Tuesday, 25 January 2011

UK education articles

There are so many science journals that no library can afford to subscribe to them all. The internet has the potential to give researchers instant access to all the information they need, but this potential is not exploited because scientific journals still operate a subscription-based model inherited from the days of print publishing.
For centuries, scientists have written up the results of their research and voluntarily submitted them to scientific journals, which publish them and recoup their costs, along with a healthy profit, by charging subscribers. Although scientific articles are now predominantly accessed online, the old model has remained largely unchanged - journal publishers act as gatekeepers to the scientific literature.
For the past few years, however, change has been brewing. The research funders, who spend hundreds of millions of pounds each year on scientific research in the first place, have grown impatient with traditional publishers, who take an exclusive license to all the research findings that are published in their journals and then sell limited access back to the scientific community.

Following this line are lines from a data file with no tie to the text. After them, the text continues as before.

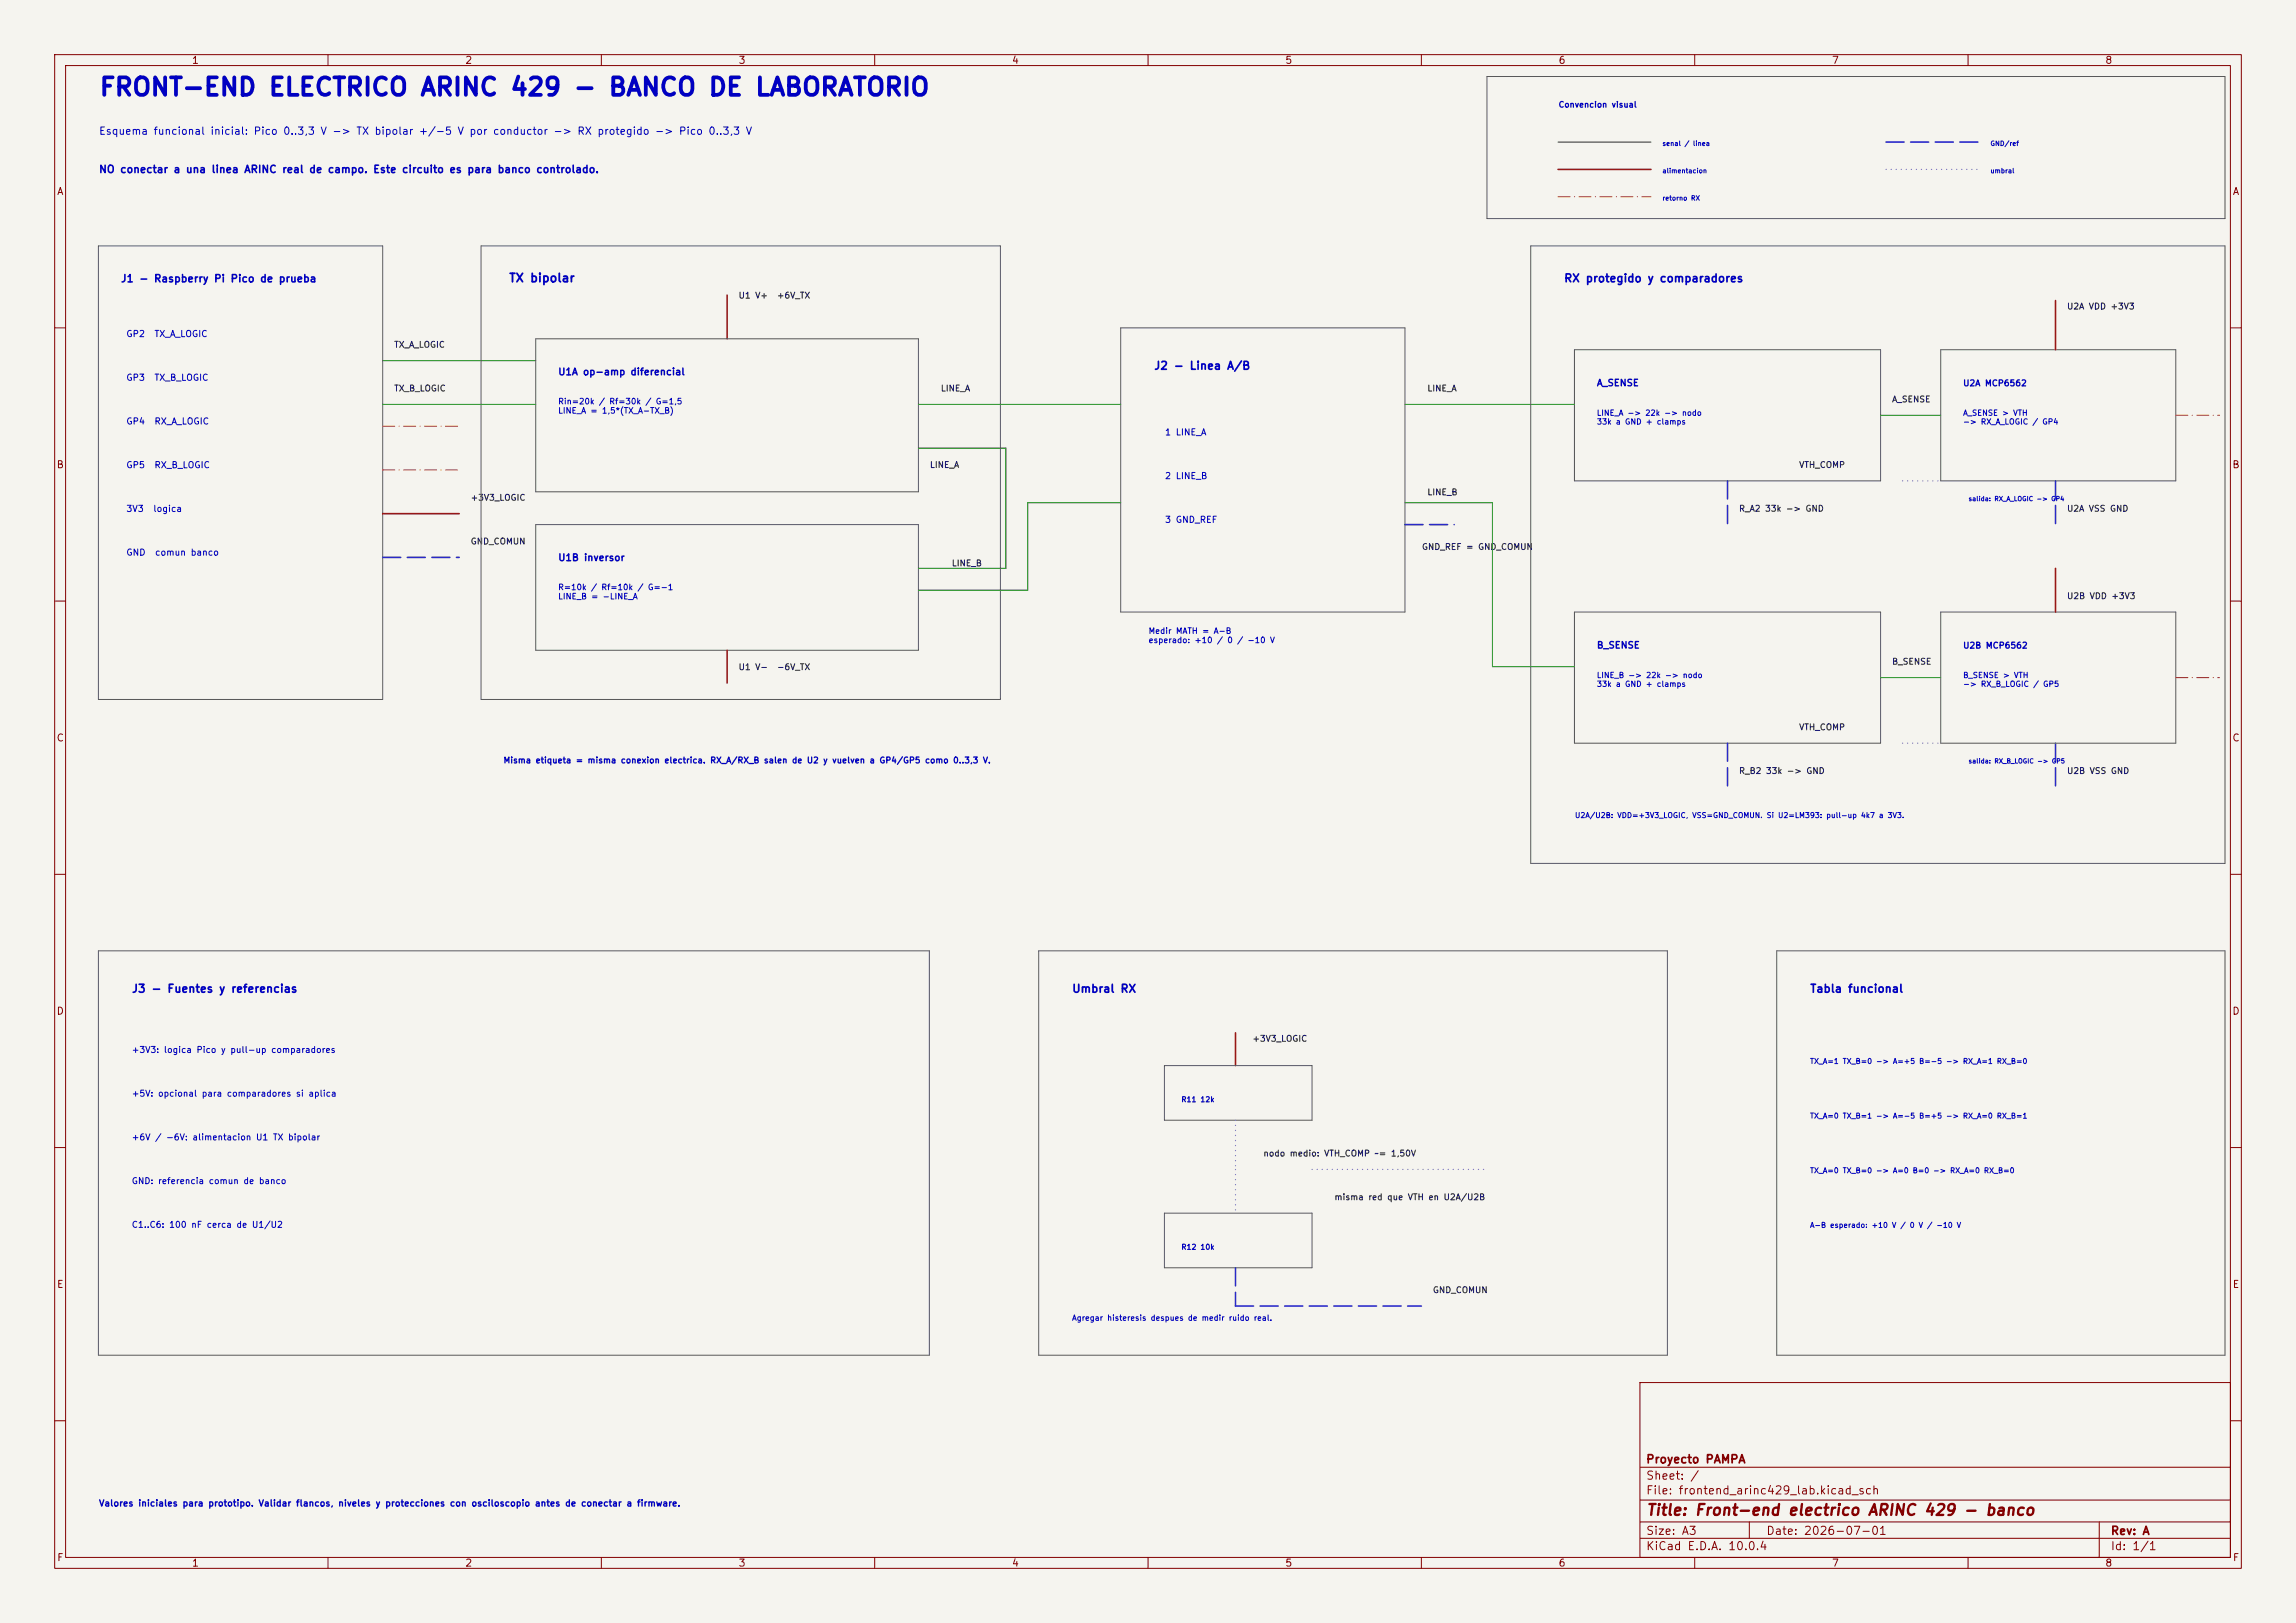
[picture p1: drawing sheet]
<svg xmlns="http://www.w3.org/2000/svg" width="420mm" height="297mm" viewBox="0 0 420 297" stroke-linecap="round" stroke-linejoin="round" font-family="sans-serif">
<defs><g id="words">
<text font-size="3.2" fill="#0000c2" x="18" y="18.3">FRONT-END ELECTRICO ARINC 429 - BANCO DE LABORATORIO</text>
<text font-size="2" fill="#840000" x="301" y="277.8">Title: Front-end electrico ARINC 429 - banco</text>
<text font-size="1.5" fill="#0000c2" x="93" y="52">TX bipolar</text>
<g font-size="1.5" fill="#840000">
<text x="301" y="268.1">Proyecto PAMPA</text>
<text x="301" y="273.8">File: frontend_arinc429_lab.kicad_sch</text>
<text x="301" y="271.1">Sheet: /</text>
<text x="301" y="281.2">Size: A3</text>
<text x="323" y="281.2">Date: 2026-07-01</text>
<text x="386" y="281.2">Rev: A</text>
<text x="301" y="284">KiCad E.D.A. 10.0.4</text>
<text x="386" y="284">Id: 1/1</text>
</g>
<g font-size="1.4" fill="#0000c2">
<text x="286" y="52">RX protegido y comparadores</text>
<text x="211" y="68">J2 - Linea A/B</text>
<text x="24" y="182">J3 - Fuentes y referencias</text>
<text x="196" y="182">Umbral RX</text>
<text x="331" y="182">Tabla funcional</text>
</g>
<g font-size="1.3" fill="#840000">
<text x="35" y="12">1</text>
<text x="85" y="12">2</text>
<text x="135" y="12">3</text>
<text x="185" y="12">4</text>
<text x="235" y="12">5</text>
<text x="285" y="12">6</text>
<text x="335" y="12">7</text>
<text x="385" y="12">8</text>
<text x="10.3" y="36">A</text>
<text x="408.3" y="36">A</text>
<text x="10.3" y="86">B</text>
<text x="408.2" y="86">B</text>
<text x="10.3" y="136">C</text>
<text x="408.2" y="136">C</text>
<text x="10.3" y="186">D</text>
<text x="408.2" y="186">D</text>
<text x="10.3" y="236">E</text>
<text x="408.3" y="236">E</text>
<text x="10.3" y="286">F</text>
<text x="35" y="287">1</text>
<text x="85" y="287">2</text>
<text x="135" y="287">3</text>
<text x="185" y="287">4</text>
<text x="235" y="287">5</text>
<text x="285" y="287">6</text>
<text x="335" y="287">7</text>
<text x="385" y="287">8</text>
<text x="408.3" y="286">F</text>
</g>
<g font-size="1.3" fill="#0000c2">
<text x="18" y="25">Esquema funcional inicial: Pico 0..3,3 V -&gt; TX bipolar +/-5 V por conductor -&gt; RX protegido -&gt; Pico 0..3,3 V</text>
<text x="18" y="32">NO conectar a una linea ARINC real de campo. Este circuito es para banco controlado.</text>
<text x="22" y="52">J1 - Raspberry Pi Pico de prueba</text>
<text x="102" y="69">U1A op-amp diferencial</text>
<text x="102" y="103">U1B inversor</text>
</g>
<g font-size="1.2" fill="#0000c2">
<text x="23" y="62">GP2</text>
<text x="28.1" y="62">TX_A_LOGIC</text>
<text x="23" y="70">GP3</text>
<text x="28.1" y="70">TX_B_LOGIC</text>
<text x="292" y="71">A_SENSE</text>
<text x="23" y="78">GP4</text>
<text x="28.1" y="78">RX_A_LOGIC</text>
<text x="213" y="80">1 LINE_A</text>
<text x="23" y="86">GP5</text>
<text x="28.1" y="86">RX_B_LOGIC</text>
<text x="213" y="88">2 LINE_B</text>
<text x="23" y="94">3V3</text>
<text x="27.9" y="94">logica</text>
<text x="213" y="96">3 GND_REF</text>
<text x="23" y="102">GND</text>
<text x="28.3" y="102">comun banco</text>
<text x="292" y="119">B_SENSE</text>
<text x="18" y="276">Valores iniciales para prototipo. Validar flancos, niveles y protecciones con osciloscopio antes de conectar a firmware.</text>
</g>
<g font-size="1.1" fill="#0000c2">
<text x="285" y="19.9">Convencion visual</text>
<text x="359" y="70.9">U2A MCP6562</text>
<text x="102" y="74.2">Rin=20k / Rf=30k / G=1,5</text>
<text x="102" y="75.9">LINE_A = 1,5*(TX_A-TX_B)</text>
<text x="102" y="108.2">R=10k / Rf=10k / G=-1</text>
<text x="102" y="109.9">LINE_B = -LINE_A</text>
<text x="210" y="116.2">Medir MATH = A-B</text>
<text x="210" y="117.9">esperado: +10 / 0 / -10 V</text>
<text x="359" y="118.9">U2B MCP6562</text>
<text x="92" y="139.9">Misma etiqueta = misma conexion electrica. RX_A/RX_B salen de U2 y vuelven a GP4/GP5 como 0..3,3 V.</text>
<text x="24" y="193">+3V3: logica Pico y pull-up comparadores</text>
<text x="24" y="201">+5V: opcional para comparadores si aplica</text>
<text x="24" y="209">+6V / -6V: alimentacion U1 TX bipolar</text>
<text x="24" y="217">GND: referencia comun de banco</text>
<text x="24" y="225">C1..C6: 100 nF cerca de U1/U2</text>
</g>
<g font-size="1.1" fill="#0f0f0f">
<text x="135" y="54.9">U1 V+</text>
<text x="142" y="54.9">+6V_TX</text>
<text x="378" y="56.9">U2A VDD +3V3</text>
<text x="72" y="63.9">TX_A_LOGIC</text>
<text x="72" y="71.9">TX_B_LOGIC</text>
<text x="172" y="71.9">LINE_A</text>
<text x="261" y="71.9">LINE_A</text>
<text x="346" y="73.9">A_SENSE</text>
<text x="170" y="85.9">LINE_A</text>
<text x="329" y="85.9">VTH_COMP</text>
<text x="86" y="91.9">+3V3_LOGIC</text>
<text x="261" y="90.9">LINE_B</text>
<text x="318" y="93.9">R_A2 33k -&gt; GND</text>
<text x="378" y="93.9">U2A VSS GND</text>
<text x="86" y="99.9">GND_COMUN</text>
<text x="260" y="100.9">GND_REF = GND_COMUN</text>
<text x="174" y="103.9">LINE_B</text>
<text x="378" y="109.9">U2B VDD +3V3</text>
<text x="135" y="122.9">U1 V-</text>
<text x="142" y="122.9">-6V_TX</text>
<text x="346" y="121.9">B_SENSE</text>
<text x="329" y="133.9">VTH_COMP</text>
<text x="318" y="141.9">R_B2 33k -&gt; GND</text>
<text x="378" y="141.9">U2B VSS GND</text>
<text x="229" y="190.9">+3V3_LOGIC</text>
<text x="231" y="211.9">nodo medio: VTH_COMP ~= 1,50V</text>
<text x="244" y="219.9">misma red que VTH en U2A/U2B</text>
<text x="262" y="236.9">GND_COMUN</text>
</g>
<g font-size="1" fill="#0000c2">
<text x="292" y="76.3">LINE_A -&gt; 22k -&gt; nodo</text>
<text x="292" y="77.9">33k a GND + clamps</text>
<text x="359" y="76.3">A_SENSE &gt; VTH</text>
<text x="359" y="77.9">-&gt; RX_A_LOGIC / GP4</text>
<text x="292" y="124.3">LINE_B -&gt; 22k -&gt; nodo</text>
<text x="292" y="125.9">33k a GND + clamps</text>
<text x="359" y="124.3">B_SENSE &gt; VTH</text>
<text x="359" y="125.9">-&gt; RX_B_LOGIC / GP5</text>
<text x="288" y="149.9">U2A/U2B: VDD=+3V3_LOGIC, VSS=GND_COMUN. Si U2=LM393: pull-up 4k7 a 3V3.</text>
<text x="331" y="194.9">TX_A=1 TX_B=0 -&gt; A=+5 B=-5 -&gt; RX_A=1 RX_B=0</text>
<text x="216" y="201.9">R11 12k</text>
<text x="331" y="204.9">TX_A=0 TX_B=1 -&gt; A=-5 B=+5 -&gt; RX_A=0 RX_B=1</text>
<text x="331" y="214.9">TX_A=0 TX_B=0 -&gt; A=0 B=0 -&gt; RX_A=0 RX_B=0</text>
<text x="331" y="224.9">A-B esperado: +10 V / 0 V / -10 V</text>
<text x="216" y="228.9">R12 10k</text>
<text x="196" y="241.9">Agregar histeresis despues de medir ruido real.</text>
</g>
<g font-size=".9" fill="#0000c2">
<text x="304" y="26.9">senal / linea</text>
<text x="364" y="26.9">GND/ref</text>
<text x="304" y="31.9">alimentacion</text>
<text x="364" y="31.9">umbral</text>
<text x="304" y="36.9">retorno RX</text>
</g>
<g font-size=".8" fill="#0000c2">
<text x="360" y="91.9">salida: RX_A_LOGIC -&gt; GP4</text>
<text x="360" y="139.9">salida: RX_B_LOGIC -&gt; GP5</text>
</g>
</g></defs>
<path d="M0 0h420v297h-420z" fill="#f5f4ef" stroke="#f5f4ef" stroke-width=".18"/>
<g fill="none" stroke="#840000" stroke-width=".18">
<path d="M10 10h400v277h-400zM12 12h396v273h-396zM60 10v2M110 10v2M160 10v2M210 10v2M260 10v2M310 10v2M360 10v2M10 60h2M408 60h2M10 110h2"/>
<path d="M408 110h2M10 160h2M408 160h2M10 210h2M408 210h2M300 253h108v32h-108zM10 260h2M300 278.5h108M300 274.5h108M300 268.5h108M320 278.5v3M384 278.5v6.5"/>
<path d="M408 260h2M60 285v2M110 285v2M160 285v2M210 285v2M260 285v2M300 281.5h108M310 285v2M360 285v2"/>
</g>
<g fill="none" stroke="#5a5a5a" stroke-width=".18">
<path d="M272 14h135v26h-135zM18 45h52v83h-52zM88 45h95v83h-95zM280 45h127v113h-127zM98 62h70v28h-70zM205 60h52v52h-52zM288 64h56v24h-56zM355 64h43v24h-43zM98 96h70v23h-70zM288 112h56v24h-56zM355 112h43v24h-43zM18 174h152v74h-152z"/>
<path d="M190 174h115v74h-115zM325 174h82v74h-82zM213 195h27v10h-27zM213 222h27v10h-27z"/>
</g>
<path d="M345 26h17M257 96h9M316 88v8M376 88v8M70 102h14M316 136v8M376 136v8M226 232v7M226 239h34" fill="none" stroke="#1e46b4" stroke-width=".3" stroke-dasharray="3.3 1.2"/>
<path d="M345 31h17M348 88h7M348 136h7M226 205v9M226 214v8M240 214h32" fill="none" stroke="#9b50c8" stroke-width=".22" stroke-dasharray="0 .9"/>
<path d="M285 31h17M133 54v8M376 55v9M70 94h14M133 119v6M376 104v8M226 189v6" fill="none" stroke="#be1414" stroke-width=".3"/>
<path d="M285 26h17M70 66h28M70 74h28M168 74h37M257 74h31M344 76h11M168 82h16v22h-16M205 92h-17v16h-20M257 92h16v30h15M344 124h11" fill="none" stroke="#008200" stroke-width=".18"/>
<path d="M285 36h17M70 78h14M398 76h8M70 86h14M398 124h8" fill="none" stroke="#d26e00" stroke-width=".2" stroke-dasharray="2.2 .8 0 .8"/>
<use href="#words"/>
</svg>

Funders realise that the scientific literature represents a distillation of the knowledge that has been obtained at huge expense through the research they have paid for. The literature is an extremely valuable resource, so why should they surrender control of it to publishers who are responsible only for the final stage of the process? In many cases, funders do not even have full access to the research they themselves have funded: a recent study found that fewer than half of the articles resulting from NHS research grants ends up accessible online to NHS employees.
Scientists, too, want as many people as possible to see their research, since the wider the readership, the greater the impact the research will have and the more it will benefit their career. More and more of them have been choosing to publish their research in new "open access" journals.